Por meio da PNAD de 2008, Boing e outros (2013) verificaram que apenas 45,3% dos usuários do SUS que receberam prescrição medicamentosa pós-atendimento, receberam todos os medicamentos gratuitamente. Dentre os que os obtiveram pelo SUS, 78,1% tiveram que recorrer ao setor privado. O principal motivo apontado para não aquisição dos medicamentos foi a falta de dinheiro para compra-los (51,5%) (BOING et al., 2013). Além da medição da prevalência dos gastos catastróficos, os mais recentes trabalhos buscam analisar as outras características socioeconômicas dos domicílios a fim de identificar determinados subgrupos mais vulneráveis aos gastos catastróficos com saúde (BÓS; WATERS, 2008; KNAUL et al., 2011; DÍAZ et al., 2012; BOING et al., 2014).
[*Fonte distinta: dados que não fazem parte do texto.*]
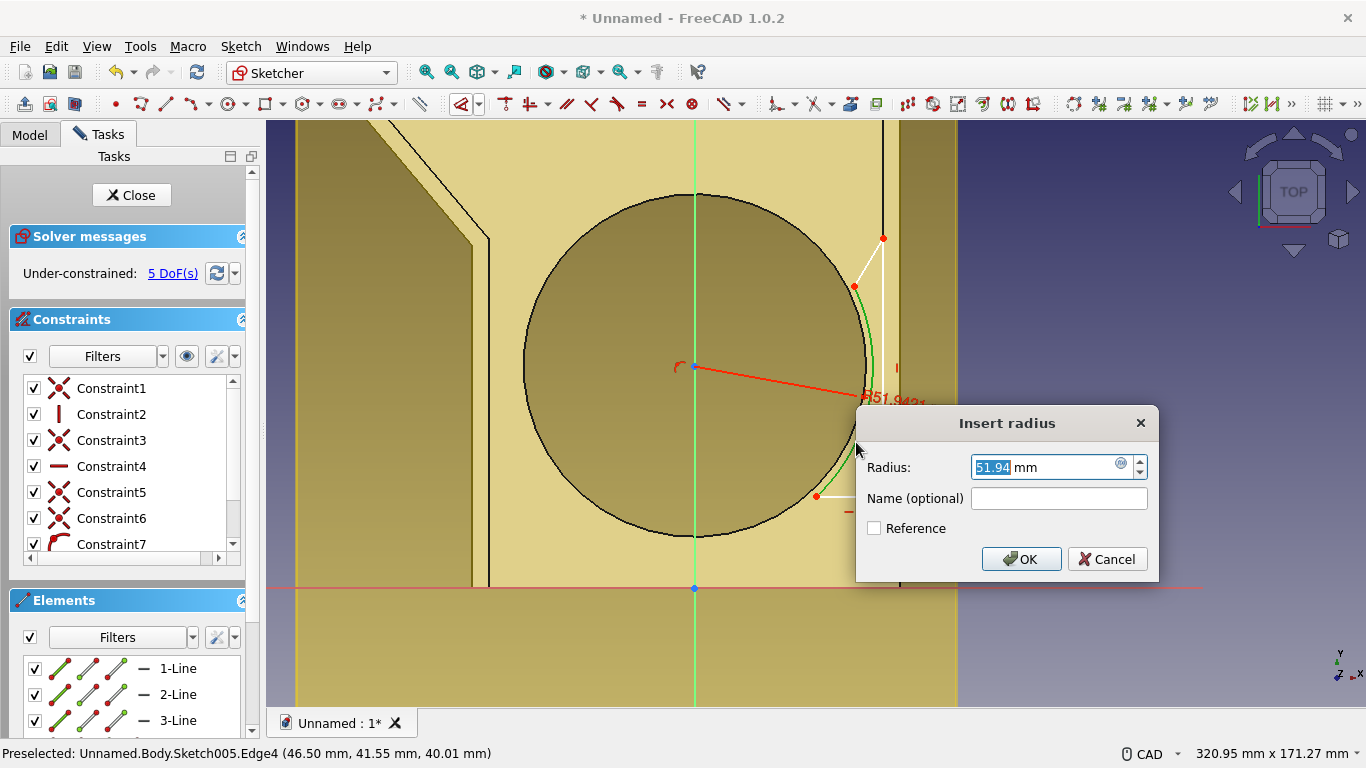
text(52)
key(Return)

De acordo com Alves (2001) a idade é um fator que desempenha grande relevância para explicar os gastos com saúde. A presença de crianças e idosos no domicílio contribui com o aumento da demanda por saúde. Um padrão a ser ressaltado é que enquanto as famílias mais ricas tendem a possuir uma maior proporção de idosos, as famílias mais pobres tendem a possuir um número maior de crianças.

Ainda há de se destacar que as famílias dos estratos de rendas superior dispendem maior parcela dos gastos com saúde com o pagamento de planos e seguros privados em comparação com as famílias dos estratos mais baixos. Ainda assim, muitos trabalhos identificaram que a presença de idoso no domicílio está relacionada com um aumento na probabilidade de ocorrência de gastos catastróficos (BÓS; WATERS, 2008; KNAUL et al., 2012; DÍAZ et al., 2012).
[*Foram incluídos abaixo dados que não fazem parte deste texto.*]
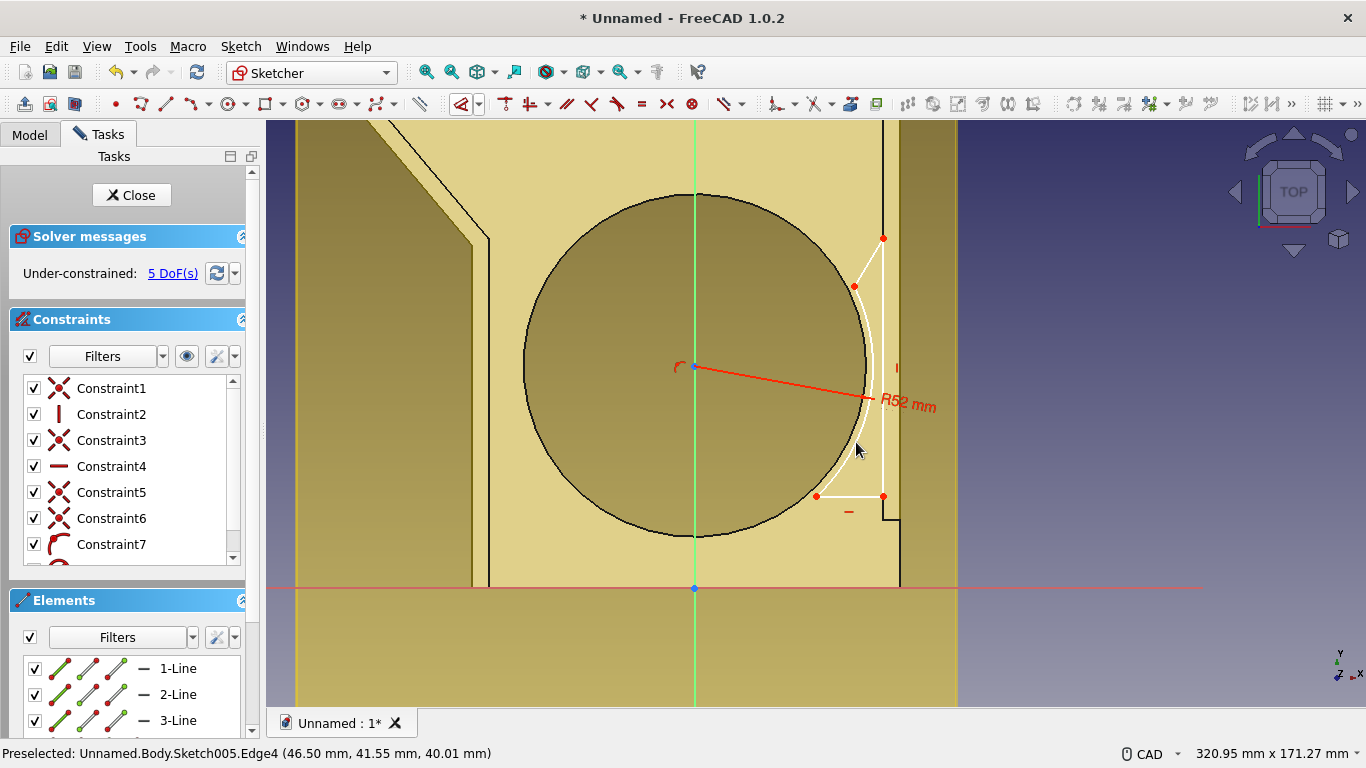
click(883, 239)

Outra importante variável a ser analisada é o tamanho do domicílio. Apesar de ser esperado que domicílios com maior número de membros estejam mais propensos a incorrer em gastos catastróficos (ZUCCHI et al., 2000; KNAUL et al., 2011), os resultados encontrados por Díaz

e outros (2012) apontam uma relação inversa entre tamanho do domicílio e incorrência de gastos catastróficos no Brasil entre 2008 e 2009. Entretanto, é necessário levar em consideração que o número maior de membros no domicílio pode já estar relacionado com um mecanismo utilizado pelas famílias para enfrentar os custos com saúde, por meio da redução dos custos fixos com moradia e outros (KNAUL et al., 2012).
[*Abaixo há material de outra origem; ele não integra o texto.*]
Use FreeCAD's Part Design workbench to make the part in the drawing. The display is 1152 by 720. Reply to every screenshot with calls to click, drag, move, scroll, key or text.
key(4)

Além da renda e idade, outros dois fatores socioeconômicos são usados na análise dos gastos catastróficos em saúde: nível educacional do chefe do domicílio e a empregabilidade. A presença de um chefe do domicílio com nível superior e a empregabilidade dos membros do domicílio no setor formal está negativamente relacionada com a prevalência de gastos catastróficos (DÍAZ et al., 2012; FLÓREZI et al., 2011).

Quanto à empregabilidade, Choi e outros (2016) utilizando dados em painel de domicílios sul- coreanos entre 2009 e 2012, encontraram que domicílios que possuem moradores que enfrentaram uma mudança no status de emprego no período apresentaram maior probabilidade em incorrer em gastos catastróficos em relação àqueles que tiveram empregos mais estáveis. No entanto, nos países menos desenvolvidos, o status de emprego pode ser ainda mais determinante. Como afirma Diaz e outros (2011) a larga proporção de empregados no setor informal em países de renda média e baixa é um importante fator explicativo para os vastos segmentos da população que vivem sem nenhuma cobertura de saúde e consequentemente despendem maior parte da renda em gastos out-of-pocket do que os mais ricos.